• **EXERCISE INSTRUCTIONS**:
Of the records that follow, copy only the lines from the line containing "953x1232 pixels. How" to the line containing "You are a computer-use", both included, exactly as written.

• **EXERCISE MATERIAL**:
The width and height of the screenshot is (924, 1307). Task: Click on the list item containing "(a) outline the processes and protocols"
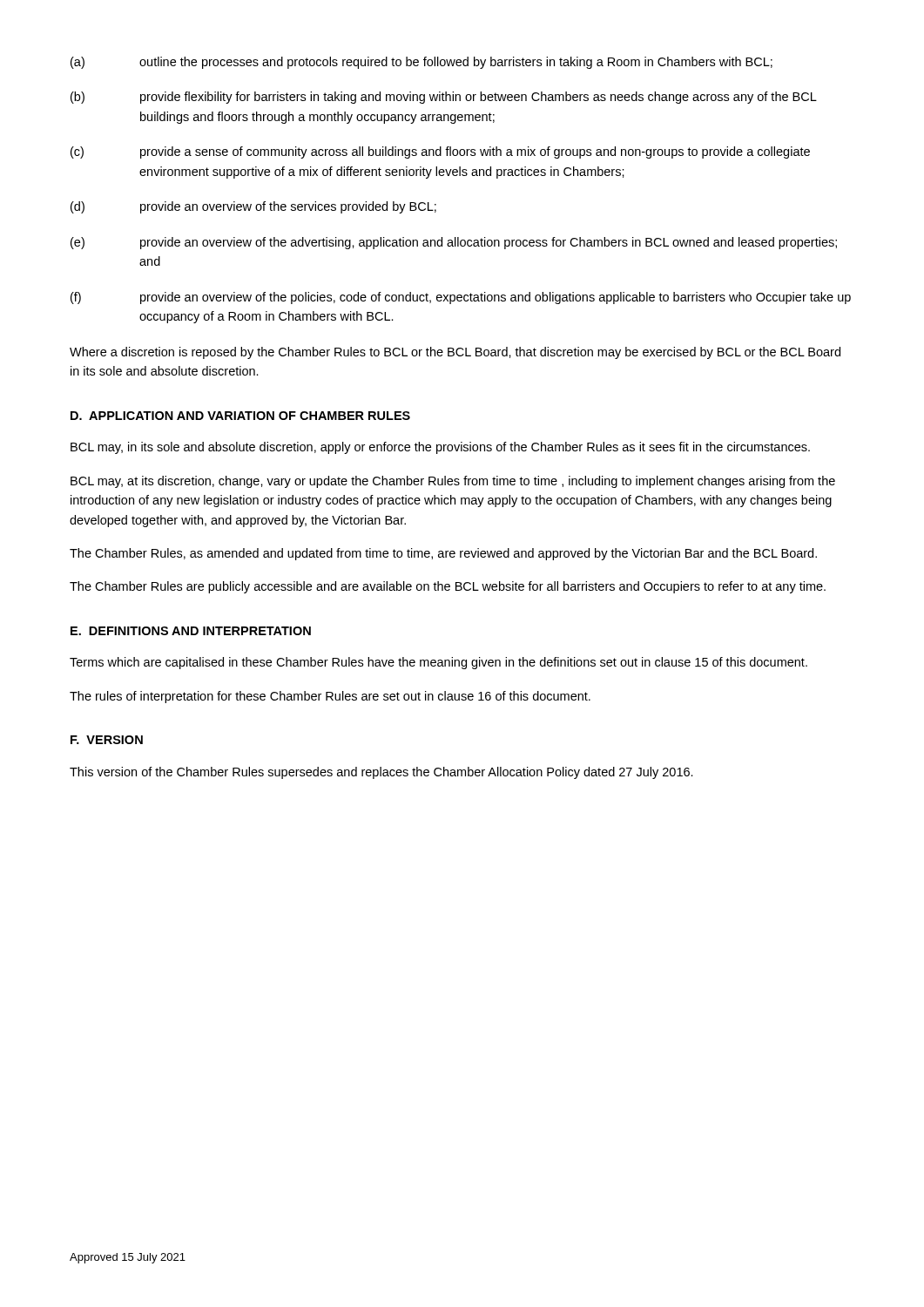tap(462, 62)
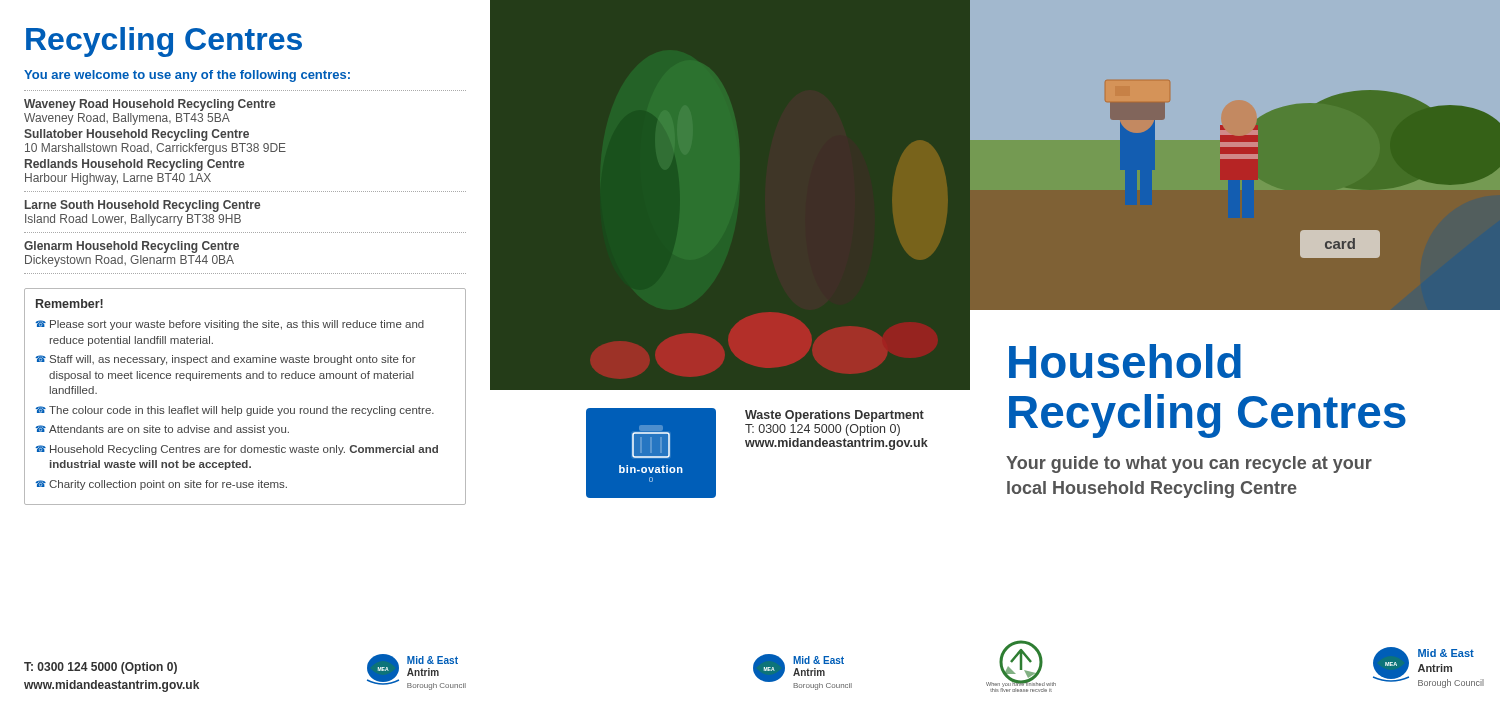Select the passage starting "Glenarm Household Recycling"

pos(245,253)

...

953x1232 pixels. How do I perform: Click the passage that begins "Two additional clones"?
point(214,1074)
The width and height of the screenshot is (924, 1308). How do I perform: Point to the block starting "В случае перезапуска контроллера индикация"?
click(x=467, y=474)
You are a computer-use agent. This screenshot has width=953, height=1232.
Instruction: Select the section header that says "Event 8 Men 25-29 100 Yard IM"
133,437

==

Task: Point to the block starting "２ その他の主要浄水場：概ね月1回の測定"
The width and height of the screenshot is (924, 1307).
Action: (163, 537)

• **ANSWER TO THE EXERCISE**:
953x1232 pixels. How do I perform: Click the passage that begins "Two additional clones"?
point(214,1074)
The width and height of the screenshot is (924, 1308). How do I perform: Point to the block starting "В случае перезапуска контроллера индикация"?
click(x=467, y=474)
You are a computer-use agent. This screenshot has width=953, height=1232.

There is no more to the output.